Portugal com 16.ª carga fiscal mais alta da OCDE

Situação fiscal dos trabalhadores melhora desde 2015, mas carga de impostos e contribuições está ainda acima de 2010

Portugal melhorou a posição no ranking de países da OCDE com maior carga fiscal sobre o trabalhador, mas está ainda entre aqueles onde a tributação do trabalho mais cresceu, e se manteve, no período após a crise de dívida europeia.

A carga fiscal média sobre o trabalhador solteiro português foi, no ano passado, de 27,5%, a 16.ª mais elevada das economias ocidentais, segundo dados da organização divulgados ontem. No ano anterior, o país estava no 15.º lugar, com uma carga fiscal de 27,75% para o mesmo tipo de contribuinte. A carga fiscal total sobre o trabalho (incluindo as contribuições dos empregadores para a Segurança Social) baixou para 41,4% (13.º lugar).

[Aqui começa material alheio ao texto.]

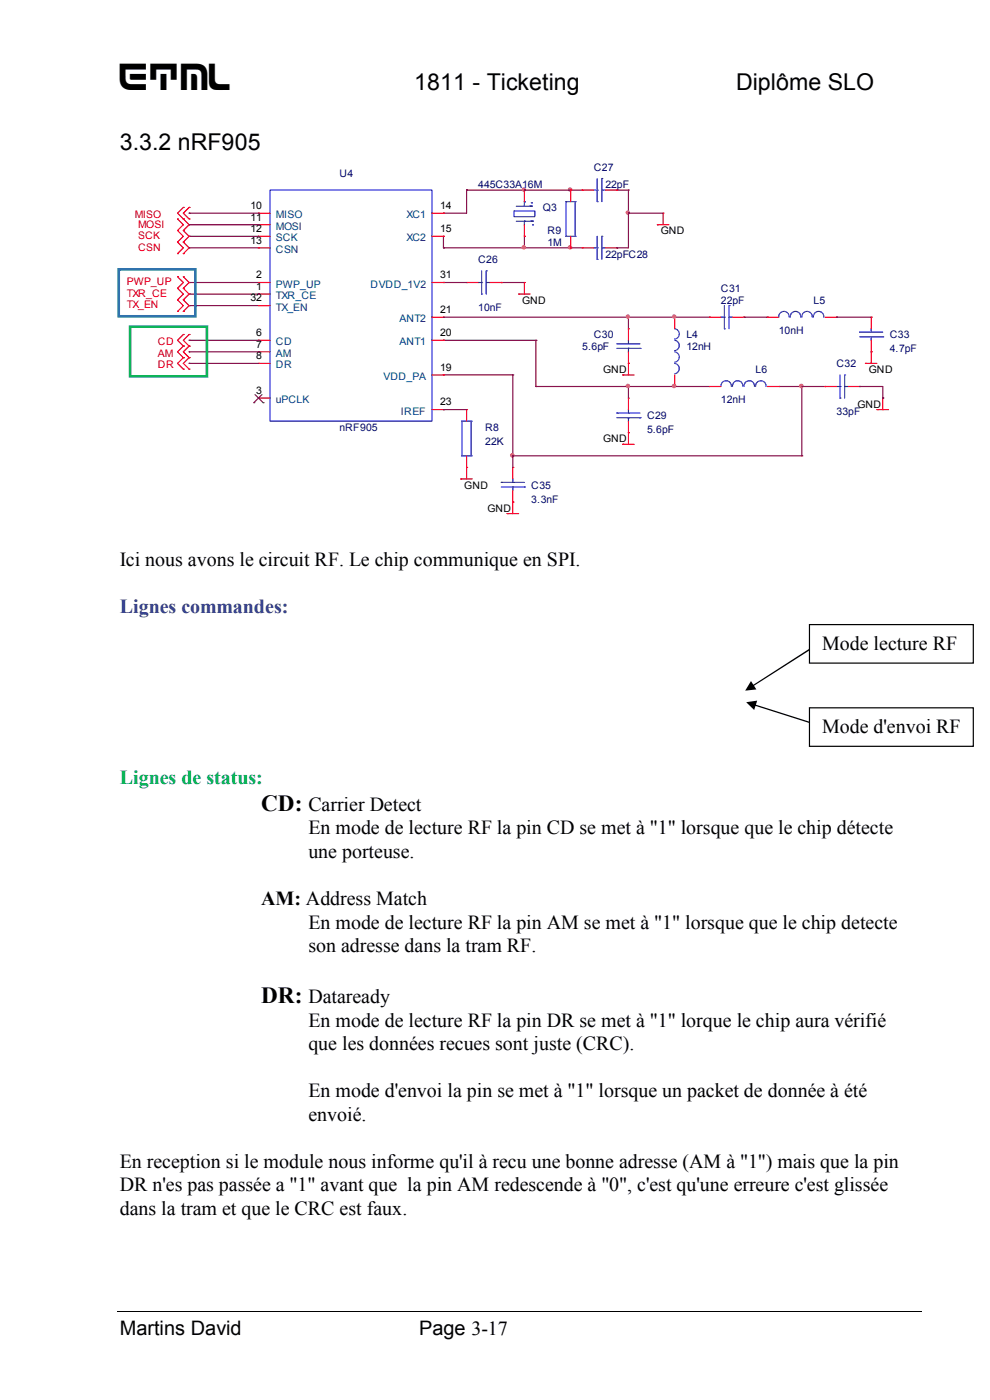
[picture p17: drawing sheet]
<svg xmlns="http://www.w3.org/2000/svg" width="210mm" height="297mm" viewBox="0 0 210 297" stroke-linecap="round" stroke-linejoin="round" font-family="sans-serif">
<defs><g id="words">
<text font-size="6.3" x="25.4" y="19">ETML</text>
<g font-size="4.9">
<text x="87.9" y="19.1">1811 - Ticketing</text>
<text x="156.1" y="19.1">Diplôme SLO</text>
<text x="25.4" y="31.8">3.3.2 nRF905</text>
<text x="55.4" y="172">CD:</text>
<text x="55.4" y="212.7">DR:</text>
</g>
<g font-size="4.2">
<text x="25.4" y="120">Ici nous avons le circuit RF. Le chip communique en SPI.</text>
<text x="174.4" y="137.9">Mode lecture RF</text>
<text x="174.4" y="155.6">Mode d'envoi RF</text>
<text x="65.4" y="172">Carrier Detect</text>
<text x="65.4" y="177">En mode de lecture RF la pin CD se met à &quot;1&quot; lorsque que le chip détecte</text>
<text x="65.4" y="182">une porteuse.</text>
<text x="55.4" y="192.1">AM: Address Match</text>
<text x="65.4" y="197.1">En mode de lecture RF la pin AM se met à &quot;1&quot; lorsque que le chip detecte</text>
<text x="65.4" y="202.1">son adresse dans la tram RF.</text>
<text x="65.4" y="212.7">Dataready</text>
<text x="65.4" y="217.8">En mode de lecture RF la pin DR se met à &quot;1&quot; lorque le chip aura vérifié</text>
<text x="65.4" y="222.8">que les données recues sont juste (CRC).</text>
<text x="65.4" y="232.8">En mode d'envoi la pin se met à &quot;1&quot; lorsque un packet de donnée à été</text>
<text x="65.4" y="237.7">envoié.</text>
<text x="25.4" y="247.7">En reception si le module nous informe qu'il à recu une bonne adresse (AM à &quot;1&quot;) mais que la pin</text>
<text x="25.4" y="252.7">DR n'es pas passée a &quot;1&quot; avant que la pin AM redescende à &quot;0&quot;, c'est qu'une erreure c'est glissée</text>
<text x="25.4" y="257.7">dans la tram et que le CRC est faux.</text>
<text x="25.4" y="283.3">Martins David</text>
<text x="88.9" y="283.3">Page 3-17</text>
</g>
<text font-size="4.2" fill="#1f497d" x="25.4" y="130.1">Lignes commandes:</text>
<text font-size="4.2" fill="#00b050" x="25.4" y="166.4">Lignes de status:</text>
<g font-size="2.2" fill="#000080">
<text x="72" y="37.5">U4</text>
<text x="101.4" y="39.9">445C33A16M</text>
<text x="126" y="36.3">C27</text>
<text x="128.4" y="39.9">22pF</text>
<text x="115.2" y="44.8">Q3</text>
<text x="116.1" y="49.7">R9</text>
<text x="116.1" y="52.2">1M</text>
<text x="101.4" y="55.9">C26</text>
<text x="128.4" y="54.6">22pFC28</text>
<text x="101.4" y="65.9">10nF</text>
<text x="152.9" y="62">C31</text>
<text x="152.9" y="64.4">22pF</text>
<text x="172.6" y="64.4">L5</text>
<text x="126" y="71.8">C30</text>
<text x="145.6" y="71.8">L4</text>
<text x="165.2" y="70.8">10nH</text>
<text x="188.7" y="71.8">C33</text>
<text x="123.5" y="74.2">5.6pF</text>
<text x="145.6" y="74.2">12nH</text>
<text x="177.5" y="77.9">C32</text>
<text x="188.7" y="74.7">4.7pF</text>
<text x="160.3" y="79.1">L6</text>
<text x="137.3" y="89">C29</text>
<text x="152.9" y="85.5">12nH</text>
<text x="177.5" y="88">33pF</text>
<text x="72" y="91.4">nRF905</text>
<text x="102.9" y="91.4">R8</text>
<text x="102.9" y="94.3">22K</text>
<text x="137.3" y="91.9">5.6pF</text>
<text x="112.7" y="103.6">C35</text>
<text x="112.7" y="106.6">3.3nF</text>
</g>
<g font-size="2.2" fill="#f00">
<text x="28.6" y="46.3">MISO</text>
<text x="29.3" y="53.1">CSN</text>
<text x="29.3" y="48.3">MOSI</text>
<text x="29.3" y="50.7">SCK</text>
<text x="26.9" y="60.5">PWP_UP</text>
<text x="26.9" y="63">TXR_CE</text>
<text x="26.9" y="65.4">TX_EN</text>
<text x="33.5" y="75.7">AM</text>
<text x="33.5" y="73.3">CD</text>
<text x="33.5" y="78.2">DR</text>
</g>
<g font-size="2.2">
<text x="53.1" y="44.3">10</text>
<text x="53.1" y="46.8">11</text>
<text x="93.4" y="44.3">14</text>
<text x="53.1" y="49.3">12</text>
<text x="53.1" y="51.7">13</text>
<text x="93.4" y="49.3">15</text>
<text x="140.2" y="49.7">GND</text>
<text x="54.4" y="59">2</text>
<text x="93.4" y="59">31</text>
<text x="53.1" y="63.9">32</text>
<text x="54.4" y="61.5">1</text>
<text x="110.8" y="64.4">GND</text>
<text x="54.4" y="71.3">6</text>
<text x="93.4" y="71.3">20</text>
<text x="93.4" y="66.4">21</text>
<text x="54.4" y="73.8">7</text>
<text x="54.4" y="76.2">8</text>
<text x="54.4" y="83.5">3</text>
<text x="93.4" y="78.7">19</text>
<text x="127.9" y="79.1">GND</text>
<text x="184.3" y="79.1">GND</text>
<text x="93.4" y="86">23</text>
<text x="181.9" y="86.5">GND</text>
<text x="127.9" y="93.9">GND</text>
<text x="98.5" y="103.6">GND</text>
<text x="103.4" y="108.6">GND</text>
</g>
<g font-size="2.2" fill="#004080">
<text x="58.5" y="46.3">MISO</text>
<text x="86.2" y="46.3">XC1</text>
<text x="58.5" y="48.7">MOSI</text>
<text x="58.5" y="51.2">SCK</text>
<text x="58.5" y="53.7">CSN</text>
<text x="86.2" y="51.2">XC2</text>
<text x="58.5" y="63.5">TXR_CE</text>
<text x="58.5" y="61">PWP_UP</text>
<text x="58.5" y="65.9">TX_EN</text>
<text x="78.6" y="61">DVDD_1V2</text>
<text x="84.8" y="68.3">ANT2</text>
<text x="58.5" y="73.3">CD</text>
<text x="58.5" y="75.7">AM</text>
<text x="84.8" y="73.3">ANT1</text>
<text x="58.5" y="78.2">DR</text>
<text x="81.3" y="80.6">VDD_PA</text>
<text x="58.5" y="85.5">uPCLK</text>
<text x="85" y="88">IREF</text>
</g>
</g></defs>
<path d="M24.9 278.2h170.6" fill="none" stroke="#000" stroke-width=".21"/>
<g fill="none" stroke="#800040" stroke-width=".25">
<path d="M40.1 50.1h.1M40.1 52.6h.1M40.1 59.9h.1M40.1 45.2h.1M40.1 47.7h.1M40.1 59.9h14.7M40.1 52.6h14.7M40.1 50.1h14.7M40.1 45.2h14.7M40.1 47.7h14.7M94.1 45.2h.1M94.1 50.1h.1"/>
<path d="M94.1 59.9h.1M94.1 52.6h.1M94.1 59.9h4.9M94.1 52.6h29.4M94.1 50.1v2.5M99 40.3h.1M99 40.3h24.5M99 40.3v4.9h-4.9M106.3 59.9h.1M106.3 59.9h4.9M111.2 52.6h.1M111.2 50.1h.1"/>
<path d="M111.2 40.3h.1M111.2 50.1v2.5M121 40.3h.1M121 52.6h.1M130.9 40.3h.1M130.9 52.6h.1M130.9 40.3h2.4M133.3 40.3h.1M133.3 45.2h.1M133.3 40.3v12.3h-2.4M133.3 45.2h7.4M40.1 62.4h.1"/>
<path d="M40.1 64.8h.1M40.1 72.2h.1M40.1 74.6h.1M40.1 77.1h.1M40.1 62.4h14.7M40.1 64.8h14.7M40.1 72.2h14.7M40.1 74.6h14.7M40.1 77.1h14.7M94.1 79.5h.1M94.1 72.2h.1M94.1 67.3h56.4"/>
<path d="M94.1 79.5h14.7M94.1 72.2h19.6M108.8 79.5h.1M108.8 79.5v19.7M113.7 72.2h.1M113.7 72.2v9.8M133.3 67.3h.1M133.3 67.3v2.4M143.1 67.3h.1M157.8 67.3h.1M157.8 67.3h4.9M177.4 67.3h.1"/>
<path d="M177.4 67.3h7.4M94.1 86.9h.1M94.1 86.9h4.9M108.8 96.7h.1M108.8 96.7h61.3M113.7 82h.1M113.7 82h36.8M133.3 82h.1M133.3 82v2.4M143.1 82h.1M165.2 82h9.8M170.1 82h.1"/>
<path d="M170.1 96.7h.1M170.1 82v14.7M175 82h.1M182.4 82h.1M182.4 82h4.9v2.4M187.3 84.4h.1"/>
</g>
<g fill="#f0f" stroke="#f0f" stroke-width=".25">
<circle cx="108.7" cy="96.6" r=".37"/>
<circle cx="170" cy="81.9" r=".37"/>
<circle cx="120.9" cy="40.2" r=".37"/>
<circle cx="133.2" cy="45.1" r=".37"/>
<circle cx="143" cy="67.2" r=".37"/>
<circle cx="143" cy="81.9" r=".37"/>
<circle cx="120.9" cy="52.5" r=".37"/>
<circle cx="111.1" cy="40.2" r=".37"/>
<circle cx="133.2" cy="81.9" r=".37"/>
<circle cx="111.1" cy="52.5" r=".37"/>
<circle cx="133.2" cy="67.2" r=".37"/>
</g>
<g fill="none" stroke="#f00" stroke-width=".25">
<path d="M37.7 51.4h.1M37.7 53.8h.1M37.7 58.7h.1M37.7 46.5h.1M37.7 48.9h.1M37.7 51.4l1.2 1.2-1.2 1.2M37.7 58.7l1.2 1.2-1.2 1.3M37.7 46.5l1.2 1.2-1.2 1.2M37.7 48.9l1.2 1.2-1.2 1.3M38.9 53.8h.1M38.9 51.4h.1M38.9 58.7h.1"/>
<path d="M38.9 44h.1M38.9 46.5h.1M38.9 48.9h.1M38.9 51.4l1.2 1.2-1.2 1.2M38.9 58.7l1.2 1.2-1.2 1.3M38.9 44l-1.2 1.2 2.4 2.5-1.2 1.2M38.9 48.9l1.2 1.2-1.2 1.3M40.1 44h.1M40.1 46.5h.1M40.1 44l-1.2 1.2 1.2 1.3M54.8 59.9h.1M54.8 45.2h.1"/>
<path d="M54.8 47.7h.1M54.8 50.1h.1M54.8 52.6h.1M54.8 47.7h2.5M54.8 59.9h2.5M54.8 52.6h2.5M54.8 45.2h2.5M54.8 50.1h2.5M91.6 59.9h2.5M91.6 45.2h2.5M91.6 50.1h2.5M94.1 45.2h.1"/>
<path d="M94.1 50.1h.1M94.1 59.9h.1M99 59.9h.1M99 59.9h2.4M103.9 59.9h2.4M106.3 59.9h.1M111.2 59.9h.1M111.2 50.1h.1M111.2 40.3h.1M111.2 40.3v2.5M111.2 47.7v2.4M111.2 59.9v2.5"/>
<path d="M121 52.6h.1M121 40.3h.1M121 40.3v2.5M121 50.1v2.5M123.5 52.6h.1M123.5 40.3h.1M123.5 52.6h2.4M123.5 40.3h2.4M128.4 52.6h2.5M128.4 40.3h2.5M130.9 52.6h.1M130.9 40.3h.1"/>
<path d="M139.4 47.7h.1M139.4 47.7h2.5M140.7 45.2h.1M140.7 45.2v2.5M37.7 61.2h.1M37.7 63.6h.1M37.7 66.1h.1M37.7 61.2l1.2 1.2-1.2 1.2M37.7 63.6l1.2 1.2-1.2 1.3M38.9 73.4h.1M38.9 75.9h.1M38.9 78.3h.1"/>
<path d="M38.9 61.2h.1M38.9 63.6h.1M38.9 66.1h.1M38.9 71h.1M38.9 73.4l-1.2 1.2 1.2 1.3M38.9 75.9l-1.2 1.2 1.2 1.2M38.9 61.2l1.2 1.2-1.2 1.2M38.9 63.6l1.2 1.2-1.2 1.3M38.9 71l-1.2 1.2 1.2 1.2M40.1 73.4h.1M40.1 75.9h.1M40.1 78.3h.1"/>
<path d="M40.1 71h.1M40.1 73.4l-1.2 1.2 1.2 1.3M40.1 75.9l-1.2 1.2 1.2 1.2M40.1 71l-1.2 1.2 1.2 1.2M54.8 62.4h.1M54.8 64.8h.1M54.8 72.2h.1M54.8 74.6h.1M54.8 77.1h.1M54.8 62.4h2.5M54.8 64.8h2.5M54.8 72.2h2.5"/>
<path d="M54.8 74.6h2.5M54.8 77.1h2.5M91.6 67.3h2.5M91.6 79.5h2.5M91.6 72.2h2.5M94.1 79.5h.1M94.1 72.2h.1M94.1 67.3h.1M110 62.4h.1M110 62.4h2.5M132.1 79.5h.1M132.1 79.5h2.4"/>
<path d="M133.3 77.1h.1M133.3 69.7h.1M133.3 69.7v2.5M133.3 74.6v4.9M143.1 67.3h.1M143.1 67.3v2.4M143.1 79.5v2.5M150.5 67.3h.1M150.5 67.3h2.4M155.4 67.3h2.4M157.8 67.3h.1M162.7 67.3h.1"/>
<path d="M162.7 67.3h2.5M175 67.3h2.4M177.4 67.3h.1M183.6 77.1h.1M183.6 77.1h2.4M184.8 74.6h.1M184.8 67.3h.1M184.8 67.3v2.4M184.8 72.2v4.9M54.8 84.4h.1M54.8 84.4h2.5M91.6 86.9h2.5"/>
<path d="M94.1 86.9h.1M99 99.2h.1M99 86.9h.1M99 86.9v2.4M99 96.7v4.9M108.8 99.2h.1M108.8 99.2v2.4M132.1 94.2h.1M132.1 94.2h2.4M133.3 91.8h.1M133.3 84.4h.1M133.3 84.4v2.5"/>
<path d="M133.3 89.3v4.9M143.1 82h.1M150.5 82h.1M150.5 82h2.4M162.7 82h2.5M165.2 82h.1M175 82h.1M175 82h2.4M179.9 82h2.5M182.4 82h.1M186 86.9h.1M186 86.9h2.5"/>
<path d="M187.3 84.4h.1M187.3 84.4v2.5M97.7 101.6h.1M97.7 101.6h2.5M107.6 109h.1M107.6 109h2.4M108.8 106.5h.1M108.8 104.1v4.9"/>
</g>
<g fill="none" stroke="#00f" stroke-width=".25">
<path d="M126.7 37.9v4.9M127.7 37.9h.1M127.7 37.9v4.9M57.3 40.3h34.3v49h-34.3zM101.4 59.9h.8M102.2 59.9h.1M102.2 57.5v4.9M103.1 57.5h.1M103.1 59.9h.1M103.1 57.5v4.9M103.1 59.9h.8M109 44.7h4.4v1.3h-4.4z"/>
<path d="M109.5 46.9h3.5M109.5 43.8h3.2M111.2 46.9h.1M111.2 42.8h.1M111.2 42.8v1M111.2 46.9v.8M112.5 43.8h.1M112.7 43.8h.1M112.7 43h.1M112.7 46.9h.1M113 47.7h.1M113 46.9h.1"/>
<path d="M120.1 42.8h.1M120.1 50.1h.1M120.1 42.8v7.3M120.1 42.8h1.9M120.1 50.1h1.9M122 42.8h.1M122 50.1h.1M122 42.8v7.3M125.9 52.6h.8M125.9 40.3h.8M126.7 55h.1M126.7 52.6h.1"/>
<path d="M126.7 42.8h.1M126.7 40.3h.1M126.7 50.1v4.9M127.7 50.1h.1M127.7 52.6h.1M127.7 40.3h.1M127.7 50.1v4.9M127.7 52.6h.7M127.7 40.3h.7M102.2 62.4h.1M130.9 72.9h.1M130.9 73.9h4.9"/>
<path d="M130.9 72.9h4.9M133.3 73.9h.1M133.3 72.9h.1M133.3 72.2v.7M133.3 73.9v.7M135.8 73.9h.1M143.1 69.7a1.1 1.1 0 0 1 1 1.2 1.1 1.1 0 0 1-1 1M143.1 72.2a1.1 1.1 0 0 1 1 1.1 1.1 1.1 0 0 1-1 1.1M143.1 74.6a1.1 1.1 0 0 1 1 1.2 1.1 1.1 0 0 1-1 1M143.1 77.1a1.1 1.1 0 0 1 1 1.1 1.1 1.1 0 0 1-1 1.1M152.9 67.3h.8M153.7 69.7h.1"/>
<path d="M153.7 67.3h.1M153.7 64.8v4.9M154.6 64.8h.1M154.6 67.3h.1M154.6 64.8v4.9M154.6 67.3h.8M167.4 67.3a1.1 1.1 0 0 0-1.1-1.2 1.1 1.1 0 0 0-1.1 1.2M169.8 67.3a1.1 1.1 0 0 0-1.1-1.2 1.1 1.1 0 0 0-1.1 1.2M172.3 67.3a1.1 1.1 0 0 0-1.1-1.2 1.1 1.1 0 0 0-1.1 1.2M174.7 67.3a1.1 1.1 0 0 0-1.1-1.2 1.1 1.1 0 0 0-1 1.2M178.2 79.5v4.9M179.2 79.5h.1"/>
<path d="M179.2 79.5v4.9M182.4 70.5h.1M182.4 70.5h4.9M182.4 71.5h4.9M184.8 70.5h.1M184.8 71.5h.1M184.8 69.7v.8M184.8 71.5v.7M187.3 71.5h.1M98 89.3h.1M98 96.7h.1M98 89.3v7.4"/>
<path d="M98 89.3h2M98 96.7h2M100 89.3h.1M100 96.7h.1M100 89.3v7.4M130.9 87.6h.1M130.9 88.6h4.9M130.9 87.6h4.9M133.3 88.6h.1M133.3 87.6h.1M133.3 86.9v.7M133.3 88.6v.7"/>
<path d="M135.8 88.6h.1M155.1 82a1.1 1.1 0 0 0-1.1-1.2 1.1 1.1 0 0 0-1.1 1.2M157.6 82a1.1 1.1 0 0 0-1.1-1.2 1.1 1.1 0 0 0-1.1 1.2M160 82a1.1 1.1 0 0 0-1.1-1.2 1.1 1.1 0 0 0-1.1 1.2M162.5 82a1.1 1.1 0 0 0-1.1-1.2 1.1 1.1 0 0 0-1.1 1.2M177.4 82h.8M178.2 84.4h.1M178.2 82h.1M179.2 82h.1M179.2 82h.7M106.3 102.3h.1M106.3 103.3h4.9"/>
<path d="M106.3 102.3h4.9M108.8 103.3h.1M108.8 102.3h.1M108.8 101.6v.7M108.8 103.3v.8M111.2 103.3h.1"/>
</g>
<path d="M53.8 85.4h.1M54.1 83.7l1.7 1.7M55.6 83.7l-1.8 1.7M55.8 85.4h.1" fill="none" stroke="#804000" stroke-width=".25"/>
<path d="M25.2 57.1h16.2v10h-16.2z" fill="none" stroke="#0070c0" stroke-width=".55"/>
<path d="M27.6 69.3h16.3v10.5h-16.3z" fill="none" stroke="#00b050" stroke-width=".55"/>
<g fill="#000">
<path d="M159.5 145.5l12.1-7.8h.2v.2l-12.2 7.8zM159.3 144.5l1.1 1.8-2.3 .2z"/>
<path d="M159.9 149.4l11.8 3.7 .1 .2-.1 .1-11.8-3.8zM158.3 149l2.3-.4-.6 2z"/>
</g>
<path d="M171.7 132.5h34.8v8.2h-34.8z" fill="#fff"/>
<path d="M171.7 132.5h34.8v8.2h-34.8z" fill="none" stroke="#000" stroke-width=".25"/>
<path d="M171.7 150.2h34.8v8.1h-34.8z" fill="#fff"/>
<path d="M171.7 150.2h34.8v8.1h-34.8z" fill="none" stroke="#000" stroke-width=".25"/>
<use href="#words"/>
</svg>

A carga fiscal média portuguesa mantém-se 2 pontos percentuais acima da média da OCDE. Ao mesmo tempo, preserva grande parte da margem adicional de tributação introduzida durante os anos de crise. Os trabalhadores portugueses entregaram no ano passado à administração fiscal impostos e contribuições 5,28 pontos percentuais acima dos montantes de 2010. Este aumento português compara com uma descida de 0,64 p.p. em Espanha, e com subidas de 2,73 p.p. na Grécia, de 0,68 p.p. na Alemanha, e de 1,34 p.p. em França, por exemplo.

Em Portugal, a tributação média dos trabalhadores está agora ao nível da de 2013, encontrando-se a descer desde 2015 (menos 0,93 pontos percentuais). Na OCDE, a média é de 25,5%. Além de Portugal, outros 12 países registaram descidas no ano passado.